オフライン → LINE の導線づくりは、工務店の集客効率を一気に高める重要なポイントです。
オフライン集客に関する記事はこちら
工務店のLINE集客に関するよくある質問
- 工務店でもLINE公式アカウントを使うメリットはありますか?
-
あります。特に「問い合わせ増加」「来場予約率向上」「関係構築」の3つが大きなメリットです。
LINEはメールより開封率が高く、若い世代ほど連絡手段として日常的に使用しています。

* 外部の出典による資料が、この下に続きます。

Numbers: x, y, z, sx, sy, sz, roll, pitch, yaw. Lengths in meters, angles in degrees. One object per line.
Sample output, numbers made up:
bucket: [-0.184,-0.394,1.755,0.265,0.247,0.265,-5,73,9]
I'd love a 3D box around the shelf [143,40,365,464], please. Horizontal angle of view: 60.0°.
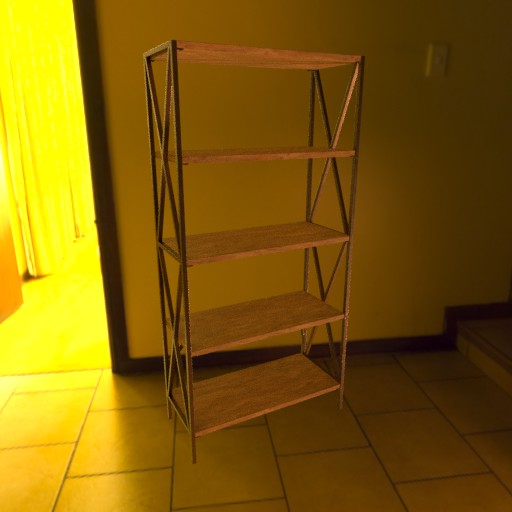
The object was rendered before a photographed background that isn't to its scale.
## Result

そのため、工務店のイベント告知・見学会案内・施工事例配信などと相性が良く、
“いつでも連絡できる身近な窓口” として顧客との距離を縮められます。 - チラシからLINEに誘導する方法は?
-
QRコードの活用が最も効果的です。さらに特典をつけると登録率が上がります。
- 「LINE登録で来場特典プレゼント」
- 「LINE限定で施工事例の続きが見られる」
- 「見学会予約はLINEで簡単にできます」
QRコードは大きく、目立つ位置に配置するのがポイントです。
- LINEで問い合わせが来た場合、返信が遅れても大丈夫?
-
自動応答の設定で一次対応を自動化できます。
営業時間外は自動応答で「営業時間・対応時間」を案内しておくと安心です。
また、スタッフのスマホからでも返信できるため、
現場巡回中でも対応がしやすいのがメリットです。 - 見学会・イベント集客に使えますか?
-
とても効果的です。LINEは“イベント告知→予約→リマインド”に最適です。
- イベントの告知
- 予約ページへの誘導
- 当日のリマインド
- 来場後のフォローアップ
これらをLINEで統一管理できるため、来場率・成約率の向上に繋がります。
まとめ
LINE公式アカウントは、企業の集客活動において非常に有用なサービスです。
チャット機能はもちろん、クーポンや自動応答、分析機能などさまざまな機能がついています。
低コストかつ手軽に始められるので、一度開設しその効果を試してみると良いでしょう。
LINE公式アカウント運用の際には、その目的・目標を明確にし、効果が十分に発揮されるようにしましょう。